[Opening EXTRACTED DATA section]

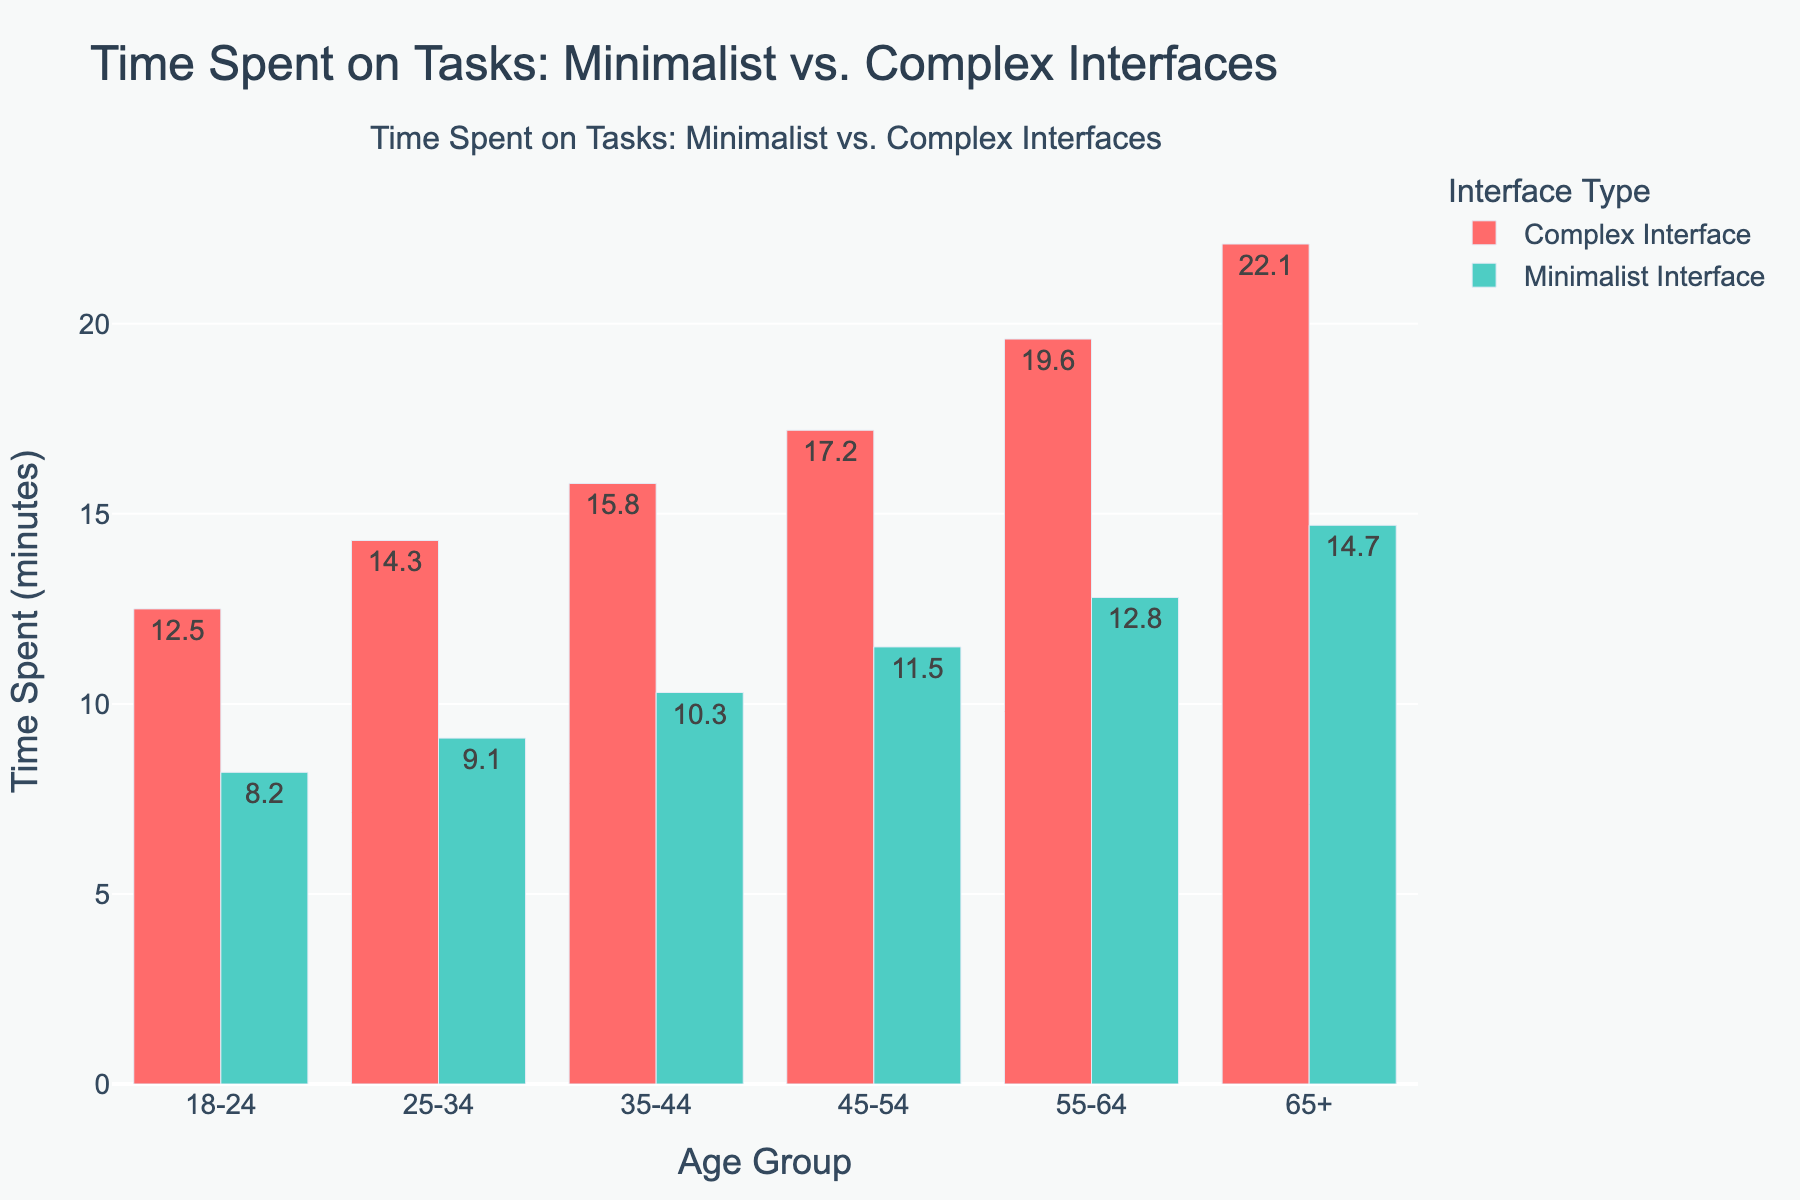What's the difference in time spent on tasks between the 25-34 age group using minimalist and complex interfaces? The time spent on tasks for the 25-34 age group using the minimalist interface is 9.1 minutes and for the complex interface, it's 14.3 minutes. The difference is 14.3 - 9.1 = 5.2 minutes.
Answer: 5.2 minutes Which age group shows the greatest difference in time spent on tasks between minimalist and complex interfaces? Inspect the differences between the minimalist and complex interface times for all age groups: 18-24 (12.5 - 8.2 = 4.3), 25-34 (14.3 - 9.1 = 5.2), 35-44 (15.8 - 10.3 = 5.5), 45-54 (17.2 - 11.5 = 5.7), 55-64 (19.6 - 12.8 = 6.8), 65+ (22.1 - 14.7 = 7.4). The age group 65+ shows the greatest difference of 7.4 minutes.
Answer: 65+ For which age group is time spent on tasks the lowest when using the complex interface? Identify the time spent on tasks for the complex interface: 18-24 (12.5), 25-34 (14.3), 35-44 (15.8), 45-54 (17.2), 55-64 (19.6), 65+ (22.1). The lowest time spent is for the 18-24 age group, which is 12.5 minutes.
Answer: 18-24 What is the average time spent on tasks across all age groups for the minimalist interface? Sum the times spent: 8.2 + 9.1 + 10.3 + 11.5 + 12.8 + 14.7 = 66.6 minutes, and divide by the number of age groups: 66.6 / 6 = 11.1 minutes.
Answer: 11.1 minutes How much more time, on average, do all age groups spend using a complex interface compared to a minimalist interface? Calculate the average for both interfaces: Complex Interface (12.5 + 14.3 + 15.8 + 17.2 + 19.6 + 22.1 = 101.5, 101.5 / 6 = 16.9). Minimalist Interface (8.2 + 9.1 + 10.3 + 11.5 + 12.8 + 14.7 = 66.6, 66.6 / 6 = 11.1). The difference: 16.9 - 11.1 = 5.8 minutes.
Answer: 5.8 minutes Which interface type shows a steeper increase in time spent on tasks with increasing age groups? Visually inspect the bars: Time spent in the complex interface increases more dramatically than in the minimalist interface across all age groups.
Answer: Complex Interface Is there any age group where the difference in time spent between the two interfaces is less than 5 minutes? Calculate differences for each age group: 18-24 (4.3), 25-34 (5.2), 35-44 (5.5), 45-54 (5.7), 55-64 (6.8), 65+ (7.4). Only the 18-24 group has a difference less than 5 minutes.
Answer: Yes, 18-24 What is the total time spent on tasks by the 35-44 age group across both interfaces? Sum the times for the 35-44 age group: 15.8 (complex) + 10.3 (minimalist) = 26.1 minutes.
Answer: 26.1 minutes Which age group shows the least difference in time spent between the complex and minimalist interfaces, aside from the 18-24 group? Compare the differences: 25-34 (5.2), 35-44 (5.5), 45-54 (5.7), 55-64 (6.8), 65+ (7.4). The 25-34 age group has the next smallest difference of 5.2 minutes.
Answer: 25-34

[Closing EXTRACTED DATA section]
[Opening EXTRACTED DATA section]

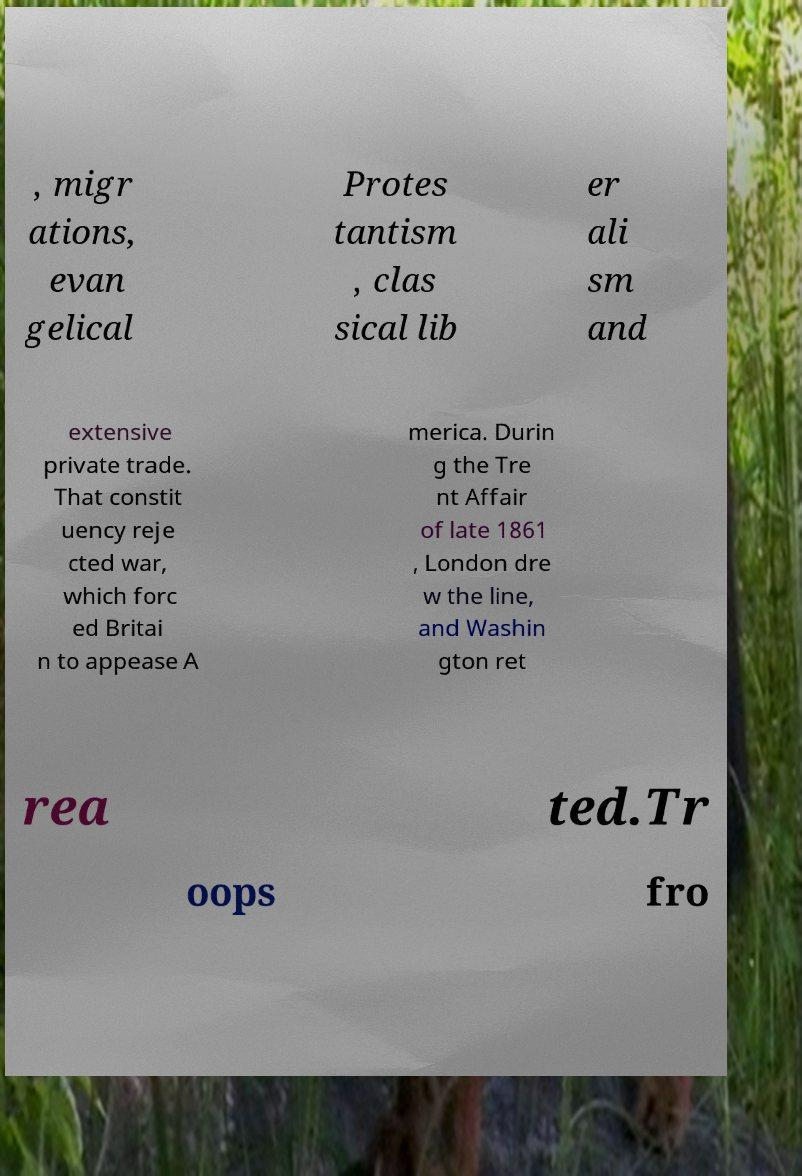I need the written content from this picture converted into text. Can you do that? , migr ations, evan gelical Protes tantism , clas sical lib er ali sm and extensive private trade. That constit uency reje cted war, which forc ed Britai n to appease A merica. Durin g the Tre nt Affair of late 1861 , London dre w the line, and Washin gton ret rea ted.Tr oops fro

[Closing EXTRACTED DATA section]

Every line of the entries above that includes "groups" should be copied.

Answer: 5.2 minutes Which age group shows the greatest difference in time spent on tasks between minimalist and complex interfaces? Inspect the differences between the minimalist and complex interface times for all age groups: 18-24 (12.5 - 8.2 = 4.3), 25-34 (14.3 - 9.1 = 5.2), 35-44 (15.8 - 10.3 = 5.5), 45-54 (17.2 - 11.5 = 5.7), 55-64 (19.6 - 12.8 = 6.8), 65+ (22.1 - 14.7 = 7.4). The age group 65+ shows the greatest difference of 7.4 minutes.
Answer: 18-24 What is the average time spent on tasks across all age groups for the minimalist interface? Sum the times spent: 8.2 + 9.1 + 10.3 + 11.5 + 12.8 + 14.7 = 66.6 minutes, and divide by the number of age groups: 66.6 / 6 = 11.1 minutes.
Answer: 11.1 minutes How much more time, on average, do all age groups spend using a complex interface compared to a minimalist interface? Calculate the average for both interfaces: Complex Interface (12.5 + 14.3 + 15.8 + 17.2 + 19.6 + 22.1 = 101.5, 101.5 / 6 = 16.9). Minimalist Interface (8.2 + 9.1 + 10.3 + 11.5 + 12.8 + 14.7 = 66.6, 66.6 / 6 = 11.1). The difference: 16.9 - 11.1 = 5.8 minutes.
Answer: 5.8 minutes Which interface type shows a steeper increase in time spent on tasks with increasing age groups? Visually inspect the bars: Time spent in the complex interface increases more dramatically than in the minimalist interface across all age groups.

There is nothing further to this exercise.